Pfarre

Maria Gail

Tiefe Trauer um unseren geschätzten Mesner Hannes Hasslacher

Treu, pflichtbewusst, tiefgläubig, engagiert und (kunst)geschichtlich versiert – das sind nur einige Eigenschaften, die unser Mesner besaß.

Am 15. März wurde Hannes Hasslacher nach langer Krankheit von Gott heimgerufen. Er wurde 1937 in Mailberg (Niederösterreich) geboren. Er war beim Österreichischen Bundesheer beschäftigt, kam 1965 nach Wien, wo er unter anderem die Musikakademie besuchte. Als Angestellter der Gebietskrankenkasse landete er in Kärnten. 1968 lernte er seine Frau Maria kennen und 1970 folgte die Heirat in Maria Gail. Ab 1972 war er Referent der Baupolizei und ab 1976 arbeitete er als Fremdenverkehrsreferent für den Bereich Faaker See am Magistrat Villach.

Vor fast 30 Jahren, am 1. September 1990, übernahm er den Mesnerdienst, eine Tätigkeit, die er leidenschaftlich ausübte und die ihm stets Freude bereitete.
Er hat sich über die vielen Jahre liebevoll um das Gotteshaus gekümmert.

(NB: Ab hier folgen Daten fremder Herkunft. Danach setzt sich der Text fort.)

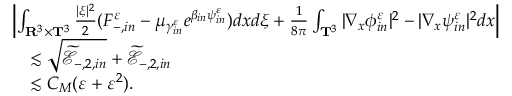Convert formula to latex. <formula><loc_0><loc_0><loc_500><loc_500>\begin{array} { r l } & { \left | \int _ { \mathbf R ^ { 3 } \times \mathbf T ^ { 3 } } \frac { | \xi | ^ { 2 } } { 2 } ( F _ { - , i n } ^ { \varepsilon } - \mu _ { \gamma _ { i n } ^ { \varepsilon } } e ^ { \beta _ { i n } \psi _ { i n } ^ { \varepsilon } } ) d x d \xi + \frac { 1 } { 8 \pi } \int _ { \mathbf T ^ { 3 } } | \nabla _ { x } \phi _ { i n } ^ { \varepsilon } | ^ { 2 } - | \nabla _ { x } \psi _ { i n } ^ { \varepsilon } | ^ { 2 } d x \right | } \\ & { \quad \lesssim \sqrt { \widetilde { \ m a t h s c r E } _ { - , 2 , i n } } + \widetilde { \ m a t h s c r E } _ { - , 2 , i n } } \\ & { \quad \lesssim C _ { M } ( \varepsilon + \varepsilon ^ { 2 } ) . } \end{array}</formula> 
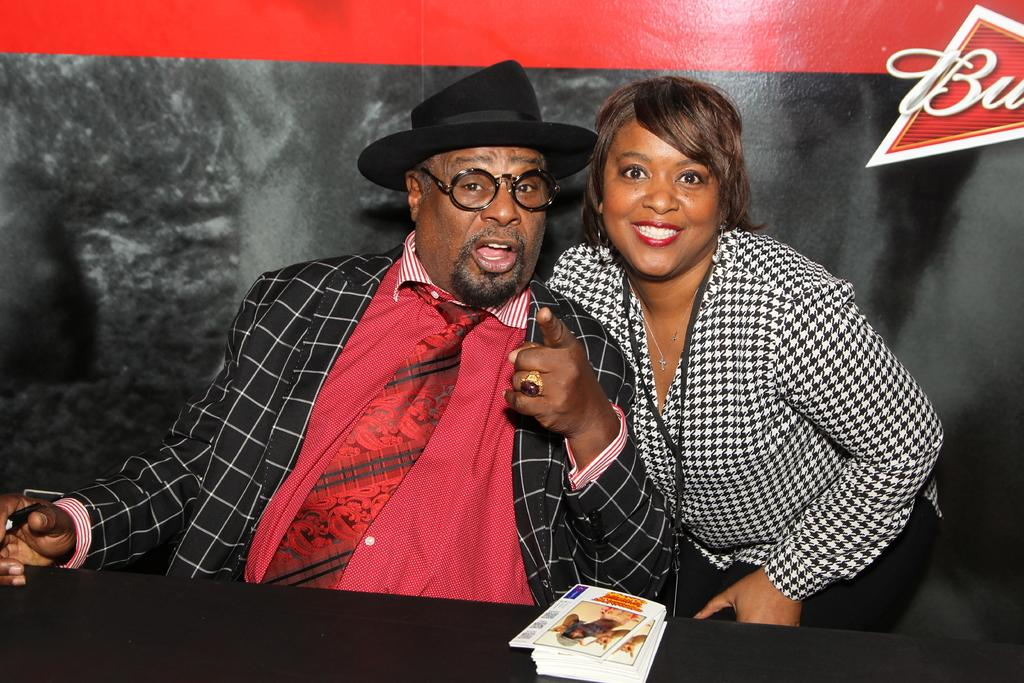How many people are in the image? There are two people in the image, a man and a woman. What is the man wearing on his face? The man is wearing spectacles. What type of headwear is the man wearing? The man is wearing a cap. What can be seen on the table or desk in the image? There are papers visible in the image. What is located at the top right corner of the image? There is a logo at the top right corner of the image. What memory does the woman recall in the image? There is no indication in the image that the woman is recalling a memory. What type of debt is the man discussing in the image? There is no mention of debt in the image.

Gewissenhafter Dienst bei den hl. Messen, Sauberkeit, Verlässlichkeit und schöner Blumenschmuck waren Merkmale seines Dienstes, den er viele Jahre auch gemeinsam mit seiner Frau Maria geführt hat. Hannes Hasslacher war ebenso der Ansprechpartner für die zahlreichen Kirchenführungen für Wallfahrtsgruppen und die auswärtigen Kirchenbesucher. Er war an der Geschichte und Kunstgeschichte interessiert und in diesen Bereichen sehr belesen. In seinen ansprechenden Führungen konnte er Vieles weitergeben.

Sein Organisationstalent und seine Mitarbeit in der Liturgie wurden in der Pfarre ebenfalls besonders geschätzt.

Hannes Hasslacher war auch über seinen Dienst als Mesner hinaus engagiert. In den Jahren 1976 bis 1990 leitete er den Kirchenchor in Maria Gail.
Seine Liebe zum Schauspiel veranlasste ihn, im Jahr 1972 mit einer Gruppe von Dorfbewohnern die „Laienspielgruppe Maria Gail“ (die heute unter dem Namen "Kulturspektrum Maria Gail" geführt wird) zu gründen und er stand selbst gerne und oft auf der Bühne, führte Regie oder half mit, wo es nötig war. Dafür hat er als Anerkennung Auszeichnungen erhalten, wie die Georg Bucher Medaille vom Landestheaterverein und das Kulturehrenzeichen der Stadt Villach.

Die gesamte Pfarre trauert um einen liebenswerten Menschen, der Ausgeglichenheit, Geduld und sehr viel Herzlichkeit ausstrahlte. Als Zeichen der Anteilnahme und Wertschätzung beten sehr viele Pfarrangehörige gemeinsam von zu Hause aus den Rosenkranz für ihren Mesner.

Herr, vollende du nun sein Leben in deinem großen Frieden, schenke ihm bei dir Geborgenheit und gib ihm Anteil an der ewigen Freude!